Records drawn from a dataset:
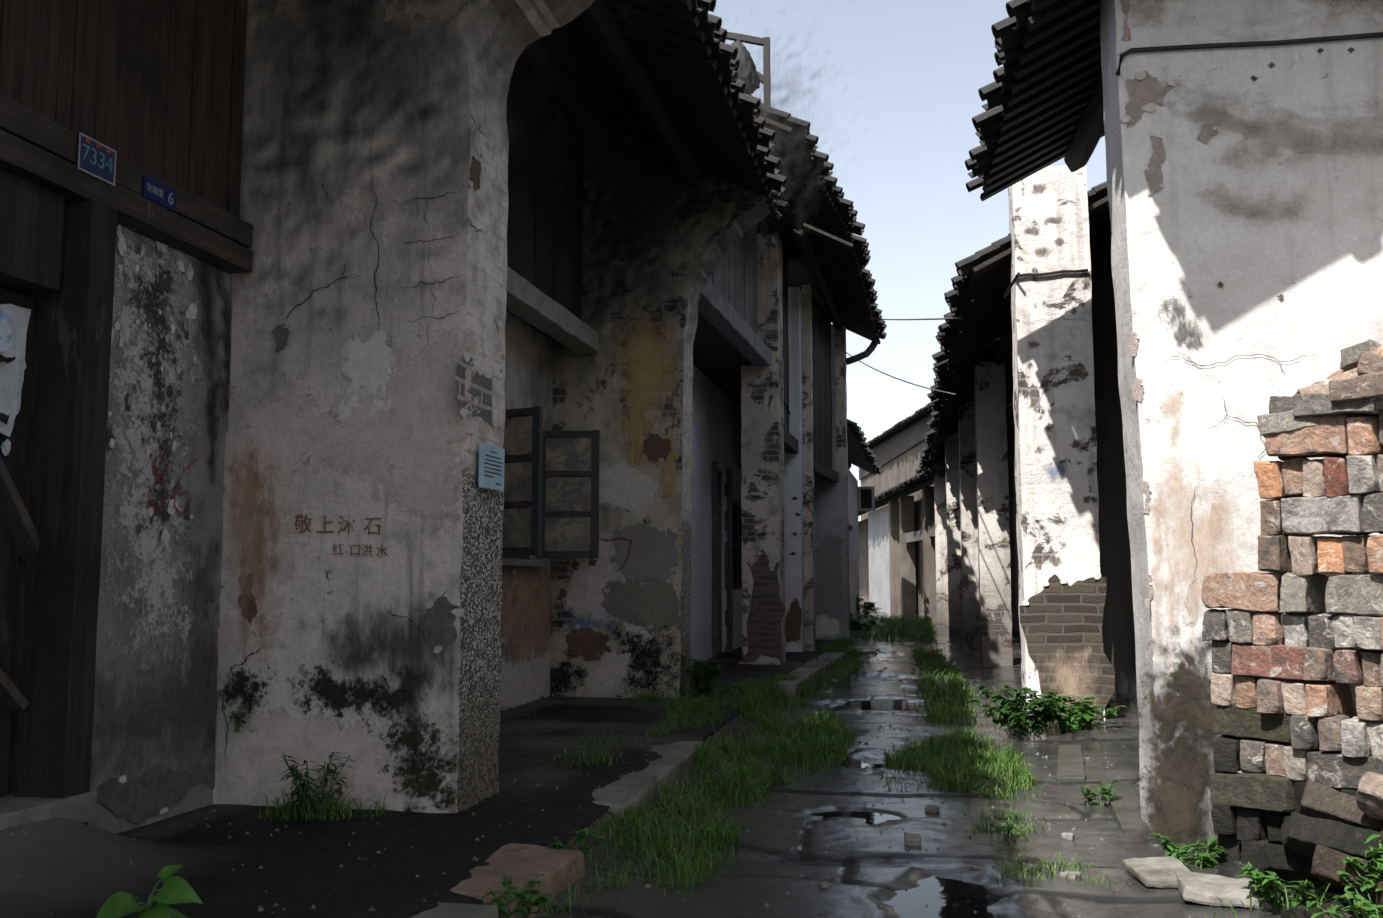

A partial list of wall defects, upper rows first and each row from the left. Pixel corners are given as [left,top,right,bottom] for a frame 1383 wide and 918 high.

flaking render [738,497,841,664]
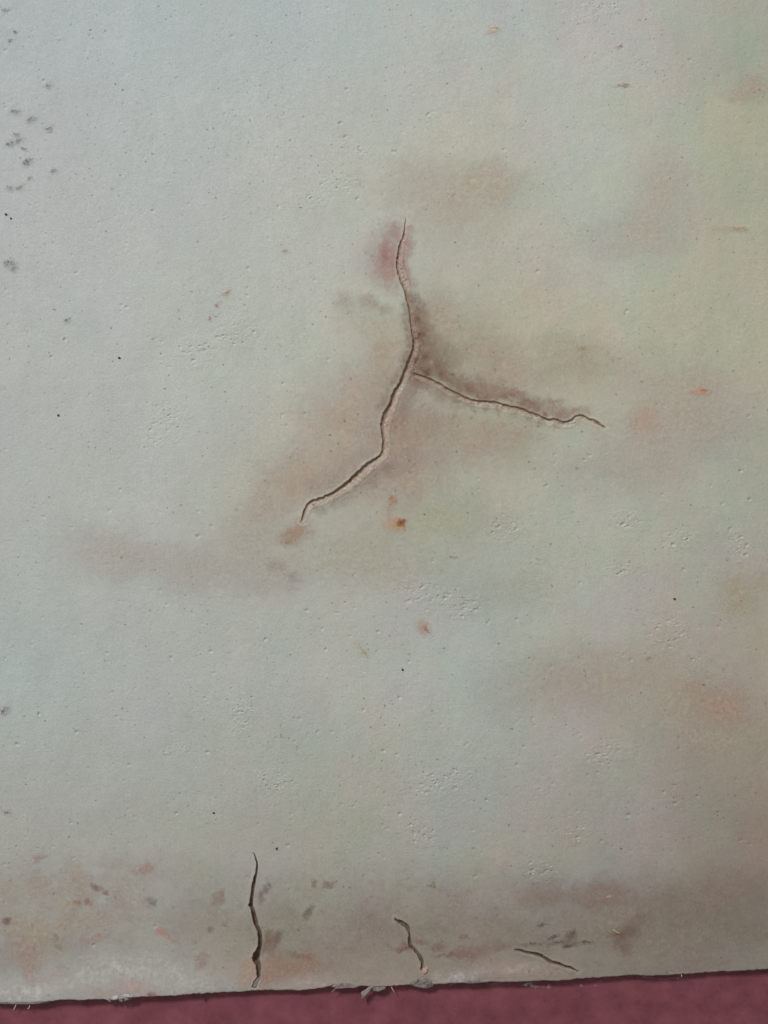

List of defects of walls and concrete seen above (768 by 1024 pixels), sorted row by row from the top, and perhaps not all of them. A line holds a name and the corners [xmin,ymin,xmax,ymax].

crack [299,216,607,525]
damp [366,295,577,483]
damp [0,869,211,1001]
crack [245,852,266,990]
crack [393,916,427,974]
damp [265,881,737,983]
crack [512,946,580,974]
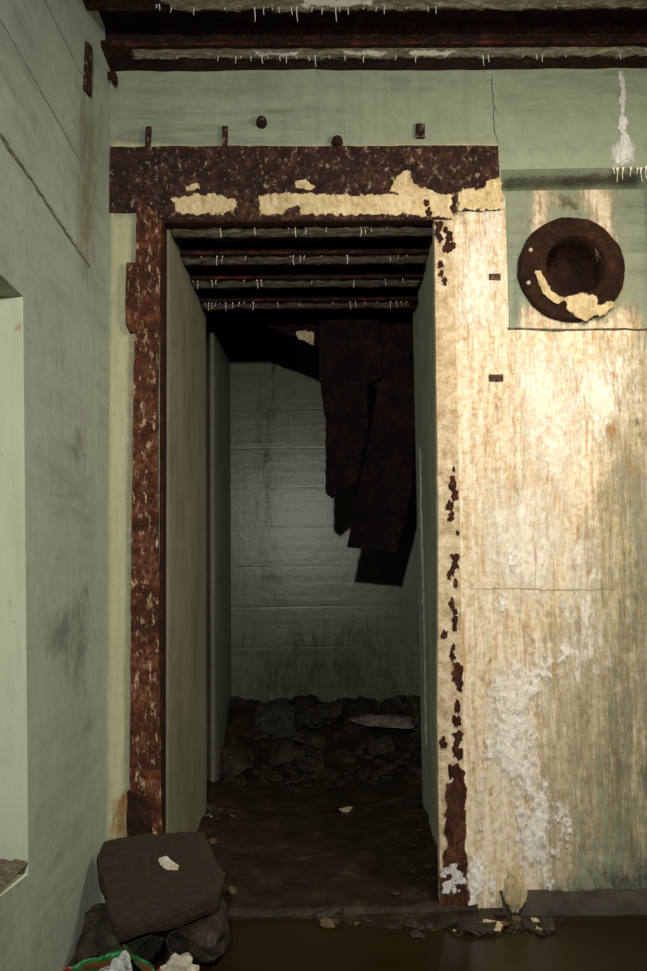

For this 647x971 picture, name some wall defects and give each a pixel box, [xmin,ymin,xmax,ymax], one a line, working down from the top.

crack [0,133,91,267]
peeling [171,183,236,216]
peeling [258,170,504,220]
leakage [503,174,644,238]
corrosion [423,199,456,286]
corrosion [445,466,460,536]
leakage [440,200,647,908]
corrosion [439,553,471,907]
corrosion [112,793,127,836]

▸ TASK INSTRUCTIONS
Quote the data above in full and without alteration; skip the pictures.

▸ TASK RESPONSE
A partial list of wall defects, upper rows first and each row from the left. Pixel corners are given as [left,top,right,bottom] for a frame 1383 wide and 918 high.

flaking render [738,497,841,664]

List of defects of walls and concrete seen above (768 by 1024 pixels), sorted row by row from the top, and perhaps not all of them. A line holds a name and the corners [xmin,ymin,xmax,ymax].

crack [299,216,607,525]
damp [366,295,577,483]
damp [0,869,211,1001]
crack [245,852,266,990]
crack [393,916,427,974]
damp [265,881,737,983]
crack [512,946,580,974]

For this 647x971 picture, name some wall defects and give each a pixel box, [xmin,ymin,xmax,ymax], one a line, working down from the top.

crack [0,133,91,267]
peeling [171,183,236,216]
peeling [258,170,504,220]
leakage [503,174,644,238]
corrosion [423,199,456,286]
corrosion [445,466,460,536]
leakage [440,200,647,908]
corrosion [439,553,471,907]
corrosion [112,793,127,836]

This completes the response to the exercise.